In the above table, "BL formation rate" means the rate of embryos that develop into blasts (blastocyst), and "good BL formation rate" means the rate of embryos that are rated 3AA or more. As shown in tables 1 and 2, in both cases of using the cryopreservation tools of examples 1 and 2, 90% of embryos developed to good grade blasts at Day5, and no zona pellucida cracks, cell leakage and disruption disorder occurred.

The culture results of the thawed embryos were evaluated when the mouse embryos developed to blasts were frozen and thawed using the cryopreservation tool of example 1 or the cryopreservation tool of example 2. Specifically, first, frozen mouse early embryos (similar to the above) were thawed and cultured for 1 or 2 days until the early embryos developed into blasts. The culture was performed under the same conditions as described above. Thereafter, the blastula was frozen and thawed using the cryopreservation tool of example 1 or the cryopreservation tool of example 2. The freezing and thawing were performed in the same manner as described above. Thereafter, the thawed embryos were cultured under the same conditions as described above for 1 Day, and the cultured embryos (i.e., day5 embryos and Day6 embryos) were observed. The results of culturing the embryos frozen and thawed using the cryopreservation apparatus of example 1 are shown in Table 3, and those of culturing the embryos frozen and thawed using the cryopreservation apparatus of example 2 are shown in Table 4. In addition, the former is set to n=51 and the latter is set to n=55 for the number of samples.

TABLE 3

TABLE 4

In the above table, "hatch" refers to the blastula reaching stage G5, and "complete escape" refers to the blastula reaching stage G6. As apparent from tables 3 and 4, in both cases of using the cryopreservation tools of examples 1 and 2, 90% of embryos developed to good grade blasts at Day5, and no zona pellucida cracks, cell leakage and disruption disorder occurred.

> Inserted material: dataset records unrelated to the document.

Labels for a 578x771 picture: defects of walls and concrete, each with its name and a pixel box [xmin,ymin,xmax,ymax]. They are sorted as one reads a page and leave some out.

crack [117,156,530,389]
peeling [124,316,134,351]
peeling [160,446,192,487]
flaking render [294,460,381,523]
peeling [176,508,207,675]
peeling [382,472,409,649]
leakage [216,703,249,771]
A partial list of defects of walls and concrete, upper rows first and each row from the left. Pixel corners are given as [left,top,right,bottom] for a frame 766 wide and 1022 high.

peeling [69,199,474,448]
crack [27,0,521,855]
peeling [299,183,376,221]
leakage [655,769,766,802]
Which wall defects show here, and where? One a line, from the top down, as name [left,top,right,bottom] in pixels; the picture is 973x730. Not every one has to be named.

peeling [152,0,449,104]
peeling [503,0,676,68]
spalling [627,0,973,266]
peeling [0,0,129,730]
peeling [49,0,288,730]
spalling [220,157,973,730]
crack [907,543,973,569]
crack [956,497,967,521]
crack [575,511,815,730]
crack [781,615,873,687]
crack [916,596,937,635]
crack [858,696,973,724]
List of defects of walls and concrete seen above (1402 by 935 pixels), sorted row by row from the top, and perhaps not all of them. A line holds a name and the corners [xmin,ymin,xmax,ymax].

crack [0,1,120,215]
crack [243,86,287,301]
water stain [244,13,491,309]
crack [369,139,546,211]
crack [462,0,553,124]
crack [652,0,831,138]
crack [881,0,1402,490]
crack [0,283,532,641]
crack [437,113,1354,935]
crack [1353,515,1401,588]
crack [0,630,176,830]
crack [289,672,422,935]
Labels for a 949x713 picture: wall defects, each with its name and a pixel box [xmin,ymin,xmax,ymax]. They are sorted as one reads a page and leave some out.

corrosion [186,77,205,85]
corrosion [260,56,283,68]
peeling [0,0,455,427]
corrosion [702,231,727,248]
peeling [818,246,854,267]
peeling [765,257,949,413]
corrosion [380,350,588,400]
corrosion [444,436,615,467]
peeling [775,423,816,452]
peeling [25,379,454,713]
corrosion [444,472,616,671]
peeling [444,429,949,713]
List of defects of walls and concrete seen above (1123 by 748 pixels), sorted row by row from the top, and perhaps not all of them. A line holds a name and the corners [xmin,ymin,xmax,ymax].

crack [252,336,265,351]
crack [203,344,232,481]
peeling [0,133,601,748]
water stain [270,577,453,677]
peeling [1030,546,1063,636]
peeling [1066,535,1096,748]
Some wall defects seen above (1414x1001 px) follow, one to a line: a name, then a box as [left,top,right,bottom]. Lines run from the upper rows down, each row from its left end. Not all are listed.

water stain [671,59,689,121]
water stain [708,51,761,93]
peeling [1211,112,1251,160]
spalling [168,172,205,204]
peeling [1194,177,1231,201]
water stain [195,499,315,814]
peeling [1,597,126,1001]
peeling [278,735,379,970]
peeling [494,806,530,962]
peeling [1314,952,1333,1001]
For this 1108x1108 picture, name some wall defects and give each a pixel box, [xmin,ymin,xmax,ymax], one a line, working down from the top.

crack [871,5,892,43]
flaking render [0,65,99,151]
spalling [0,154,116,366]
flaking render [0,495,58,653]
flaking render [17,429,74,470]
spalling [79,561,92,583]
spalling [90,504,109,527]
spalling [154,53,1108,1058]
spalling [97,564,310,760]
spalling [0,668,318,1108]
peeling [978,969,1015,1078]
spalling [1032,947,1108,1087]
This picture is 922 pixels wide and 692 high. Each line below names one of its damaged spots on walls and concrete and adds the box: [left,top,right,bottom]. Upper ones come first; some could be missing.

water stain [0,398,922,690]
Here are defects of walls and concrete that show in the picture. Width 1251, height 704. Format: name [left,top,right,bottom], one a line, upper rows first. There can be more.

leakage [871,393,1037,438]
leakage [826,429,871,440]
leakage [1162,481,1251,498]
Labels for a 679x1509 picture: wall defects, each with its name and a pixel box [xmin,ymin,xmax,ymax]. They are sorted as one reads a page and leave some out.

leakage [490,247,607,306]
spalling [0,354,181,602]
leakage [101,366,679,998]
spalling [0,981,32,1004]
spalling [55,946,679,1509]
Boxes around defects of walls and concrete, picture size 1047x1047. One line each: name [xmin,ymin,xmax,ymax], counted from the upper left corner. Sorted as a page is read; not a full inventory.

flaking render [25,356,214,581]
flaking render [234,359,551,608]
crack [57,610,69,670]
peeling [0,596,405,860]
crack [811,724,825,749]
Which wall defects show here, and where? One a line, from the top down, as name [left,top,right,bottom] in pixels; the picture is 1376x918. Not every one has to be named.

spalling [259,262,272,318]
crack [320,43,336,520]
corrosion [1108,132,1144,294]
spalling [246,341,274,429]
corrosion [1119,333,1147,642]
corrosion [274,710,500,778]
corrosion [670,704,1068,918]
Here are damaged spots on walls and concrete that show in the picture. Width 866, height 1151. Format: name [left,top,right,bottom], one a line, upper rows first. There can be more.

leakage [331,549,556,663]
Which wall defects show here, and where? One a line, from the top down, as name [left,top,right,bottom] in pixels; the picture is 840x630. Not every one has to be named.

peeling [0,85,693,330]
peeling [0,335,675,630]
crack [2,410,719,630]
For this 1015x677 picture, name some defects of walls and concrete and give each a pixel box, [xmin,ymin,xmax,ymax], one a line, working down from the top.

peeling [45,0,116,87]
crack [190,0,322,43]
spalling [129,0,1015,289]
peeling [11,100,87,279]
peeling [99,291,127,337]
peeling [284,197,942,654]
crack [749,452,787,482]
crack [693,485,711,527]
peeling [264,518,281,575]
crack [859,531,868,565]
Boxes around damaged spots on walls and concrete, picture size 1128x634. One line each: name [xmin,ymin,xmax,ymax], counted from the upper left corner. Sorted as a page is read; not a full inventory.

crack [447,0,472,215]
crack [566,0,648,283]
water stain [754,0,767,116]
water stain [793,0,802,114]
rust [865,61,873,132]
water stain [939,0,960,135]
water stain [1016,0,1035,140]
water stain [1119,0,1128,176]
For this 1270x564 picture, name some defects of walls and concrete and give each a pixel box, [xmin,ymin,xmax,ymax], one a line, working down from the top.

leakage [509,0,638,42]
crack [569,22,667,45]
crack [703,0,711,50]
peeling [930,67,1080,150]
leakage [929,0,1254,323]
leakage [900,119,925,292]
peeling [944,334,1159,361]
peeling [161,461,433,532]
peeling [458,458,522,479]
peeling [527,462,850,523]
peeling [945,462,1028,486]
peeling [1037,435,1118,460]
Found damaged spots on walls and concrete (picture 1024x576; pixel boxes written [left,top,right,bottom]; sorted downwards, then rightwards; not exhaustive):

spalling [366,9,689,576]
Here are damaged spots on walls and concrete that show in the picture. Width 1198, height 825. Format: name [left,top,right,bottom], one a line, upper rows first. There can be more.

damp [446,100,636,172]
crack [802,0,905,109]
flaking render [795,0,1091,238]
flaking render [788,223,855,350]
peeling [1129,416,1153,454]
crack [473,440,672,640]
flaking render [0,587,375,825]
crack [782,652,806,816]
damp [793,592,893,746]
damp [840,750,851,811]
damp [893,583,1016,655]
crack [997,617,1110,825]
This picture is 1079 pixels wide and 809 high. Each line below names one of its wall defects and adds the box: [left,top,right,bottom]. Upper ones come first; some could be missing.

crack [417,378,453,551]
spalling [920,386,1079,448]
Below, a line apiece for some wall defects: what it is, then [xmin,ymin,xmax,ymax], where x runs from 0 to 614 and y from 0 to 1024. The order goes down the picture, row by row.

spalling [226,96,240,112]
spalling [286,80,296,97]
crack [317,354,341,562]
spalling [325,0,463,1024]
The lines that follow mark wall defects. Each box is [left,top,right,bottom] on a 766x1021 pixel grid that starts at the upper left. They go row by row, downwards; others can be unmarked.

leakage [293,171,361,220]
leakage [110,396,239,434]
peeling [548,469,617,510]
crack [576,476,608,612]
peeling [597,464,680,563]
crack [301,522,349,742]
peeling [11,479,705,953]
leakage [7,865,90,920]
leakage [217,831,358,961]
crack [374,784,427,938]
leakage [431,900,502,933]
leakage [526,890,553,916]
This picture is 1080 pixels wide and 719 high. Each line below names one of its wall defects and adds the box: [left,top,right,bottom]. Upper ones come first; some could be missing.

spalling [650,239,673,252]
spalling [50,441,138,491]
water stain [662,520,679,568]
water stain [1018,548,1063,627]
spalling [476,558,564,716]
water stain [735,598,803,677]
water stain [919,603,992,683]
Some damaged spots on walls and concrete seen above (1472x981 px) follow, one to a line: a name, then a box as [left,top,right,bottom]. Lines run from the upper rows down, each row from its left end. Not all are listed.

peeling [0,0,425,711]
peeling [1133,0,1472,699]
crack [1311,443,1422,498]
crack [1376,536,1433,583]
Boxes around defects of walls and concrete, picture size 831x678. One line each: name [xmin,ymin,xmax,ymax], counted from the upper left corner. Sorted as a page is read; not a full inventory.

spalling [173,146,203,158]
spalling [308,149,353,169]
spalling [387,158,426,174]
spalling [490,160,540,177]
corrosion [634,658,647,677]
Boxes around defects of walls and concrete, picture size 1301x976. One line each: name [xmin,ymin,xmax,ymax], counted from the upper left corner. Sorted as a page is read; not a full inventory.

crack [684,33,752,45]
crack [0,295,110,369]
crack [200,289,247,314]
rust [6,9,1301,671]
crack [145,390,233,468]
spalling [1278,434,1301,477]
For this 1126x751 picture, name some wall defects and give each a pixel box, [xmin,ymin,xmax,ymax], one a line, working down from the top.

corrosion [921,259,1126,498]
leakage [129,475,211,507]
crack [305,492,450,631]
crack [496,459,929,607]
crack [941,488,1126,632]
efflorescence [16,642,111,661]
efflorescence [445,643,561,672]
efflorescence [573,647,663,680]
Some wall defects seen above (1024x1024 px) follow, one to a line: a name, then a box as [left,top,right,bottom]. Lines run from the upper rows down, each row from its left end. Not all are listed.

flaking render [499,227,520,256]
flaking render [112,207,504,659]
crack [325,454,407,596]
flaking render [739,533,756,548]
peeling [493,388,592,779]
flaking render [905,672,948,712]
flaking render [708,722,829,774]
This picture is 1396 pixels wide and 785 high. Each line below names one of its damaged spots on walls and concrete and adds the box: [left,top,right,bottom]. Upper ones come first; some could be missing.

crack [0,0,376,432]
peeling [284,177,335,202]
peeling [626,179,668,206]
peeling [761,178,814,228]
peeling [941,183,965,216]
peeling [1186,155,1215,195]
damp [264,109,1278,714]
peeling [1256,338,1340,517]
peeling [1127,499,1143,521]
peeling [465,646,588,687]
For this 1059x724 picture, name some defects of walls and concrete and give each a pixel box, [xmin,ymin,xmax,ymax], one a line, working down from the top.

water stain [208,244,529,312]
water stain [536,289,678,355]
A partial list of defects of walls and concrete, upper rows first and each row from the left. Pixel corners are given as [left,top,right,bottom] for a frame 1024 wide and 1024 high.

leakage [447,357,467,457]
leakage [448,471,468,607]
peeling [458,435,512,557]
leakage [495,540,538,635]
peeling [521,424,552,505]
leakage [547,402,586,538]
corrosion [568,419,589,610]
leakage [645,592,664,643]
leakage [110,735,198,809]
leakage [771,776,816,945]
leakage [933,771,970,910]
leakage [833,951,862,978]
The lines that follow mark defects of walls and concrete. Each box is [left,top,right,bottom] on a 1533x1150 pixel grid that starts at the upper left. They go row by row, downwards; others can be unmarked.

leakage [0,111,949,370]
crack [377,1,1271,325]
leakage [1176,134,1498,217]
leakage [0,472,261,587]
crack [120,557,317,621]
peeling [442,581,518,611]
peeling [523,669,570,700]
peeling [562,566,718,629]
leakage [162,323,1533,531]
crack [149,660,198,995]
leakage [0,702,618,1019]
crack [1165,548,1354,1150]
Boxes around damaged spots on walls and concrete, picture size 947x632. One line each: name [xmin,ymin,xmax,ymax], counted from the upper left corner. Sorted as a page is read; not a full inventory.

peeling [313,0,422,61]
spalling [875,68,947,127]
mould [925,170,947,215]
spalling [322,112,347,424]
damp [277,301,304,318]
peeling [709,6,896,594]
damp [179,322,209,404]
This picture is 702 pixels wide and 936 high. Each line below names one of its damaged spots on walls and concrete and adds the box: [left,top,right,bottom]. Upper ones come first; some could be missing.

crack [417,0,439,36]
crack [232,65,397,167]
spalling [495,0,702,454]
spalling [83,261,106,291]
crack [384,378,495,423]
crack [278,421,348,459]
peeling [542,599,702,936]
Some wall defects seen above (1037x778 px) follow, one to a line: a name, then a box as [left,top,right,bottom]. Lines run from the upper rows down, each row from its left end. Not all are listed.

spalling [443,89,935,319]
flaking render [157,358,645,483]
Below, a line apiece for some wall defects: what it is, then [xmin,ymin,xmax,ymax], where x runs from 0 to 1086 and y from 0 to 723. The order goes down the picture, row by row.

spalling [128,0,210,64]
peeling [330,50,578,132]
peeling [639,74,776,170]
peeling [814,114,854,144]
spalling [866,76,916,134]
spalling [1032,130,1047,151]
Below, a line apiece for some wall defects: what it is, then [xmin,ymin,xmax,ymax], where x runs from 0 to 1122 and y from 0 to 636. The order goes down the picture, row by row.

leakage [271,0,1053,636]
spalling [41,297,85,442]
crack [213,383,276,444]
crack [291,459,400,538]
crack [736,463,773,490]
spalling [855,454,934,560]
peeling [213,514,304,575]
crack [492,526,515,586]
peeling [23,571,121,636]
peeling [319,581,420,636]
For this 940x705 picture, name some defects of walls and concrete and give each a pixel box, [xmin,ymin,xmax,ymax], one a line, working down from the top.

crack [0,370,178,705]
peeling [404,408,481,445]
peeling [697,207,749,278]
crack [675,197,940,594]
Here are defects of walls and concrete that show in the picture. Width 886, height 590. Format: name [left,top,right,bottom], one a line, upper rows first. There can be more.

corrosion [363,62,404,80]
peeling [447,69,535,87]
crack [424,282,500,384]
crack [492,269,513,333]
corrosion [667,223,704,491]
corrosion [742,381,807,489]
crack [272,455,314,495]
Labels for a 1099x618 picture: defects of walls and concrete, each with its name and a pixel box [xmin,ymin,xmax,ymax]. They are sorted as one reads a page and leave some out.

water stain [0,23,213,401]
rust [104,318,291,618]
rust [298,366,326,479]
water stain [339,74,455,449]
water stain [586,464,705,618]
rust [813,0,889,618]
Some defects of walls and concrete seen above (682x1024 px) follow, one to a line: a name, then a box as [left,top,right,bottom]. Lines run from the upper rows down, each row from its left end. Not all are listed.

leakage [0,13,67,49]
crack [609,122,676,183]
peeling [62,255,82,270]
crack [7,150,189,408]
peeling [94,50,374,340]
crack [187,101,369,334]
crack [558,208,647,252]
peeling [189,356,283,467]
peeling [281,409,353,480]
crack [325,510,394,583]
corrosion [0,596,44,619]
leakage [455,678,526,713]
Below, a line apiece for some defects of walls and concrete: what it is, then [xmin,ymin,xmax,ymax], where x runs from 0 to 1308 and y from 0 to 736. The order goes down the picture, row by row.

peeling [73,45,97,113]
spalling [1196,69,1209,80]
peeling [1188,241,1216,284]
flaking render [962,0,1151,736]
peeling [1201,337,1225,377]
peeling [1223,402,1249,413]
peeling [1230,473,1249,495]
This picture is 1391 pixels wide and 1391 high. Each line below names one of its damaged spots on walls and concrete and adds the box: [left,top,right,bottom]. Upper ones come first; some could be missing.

Description of the reference numerals

10. A main body portion; 11. a handle; 12. an egg holding part; 13. a fiber; 20. a cover section; 30. ovum, etc.; 41. freezing the protective liquid; 42. a pipette; 43. liquid nitrogen; 44. a liquid nitrogen tank; 45. and (5) melting the solution.

Claims (4)

1. A cryopreservation tool for ovum or fertilized ovum, wherein,

The cryopreservation tool comprises:

A main body portion including a rod-shaped shank portion and a net-shaped ovum holding portion provided at a tip end of the shank portion; and

A tubular cover portion for accommodating the main body portion,

The mesh of the egg holding portion has an opening size of 170 μm or more.

2. The cryopreservation tool for an ovum or fertilized ovum according to claim 1, wherein,

The mesh of the egg holding portion has an opening size of 190 μm or more.

3. The cryopreservation tool for ovum or fertilized ovum according to claim 1 or 2, wherein,

The mesh of the egg holding portion has an opening size of 300 μm or less.

4. The cryopreservation tool for an ovum or fertilized ovum according to claim 3, wherein,

The mesh of the egg holding portion has an opening size of 250 μm or less.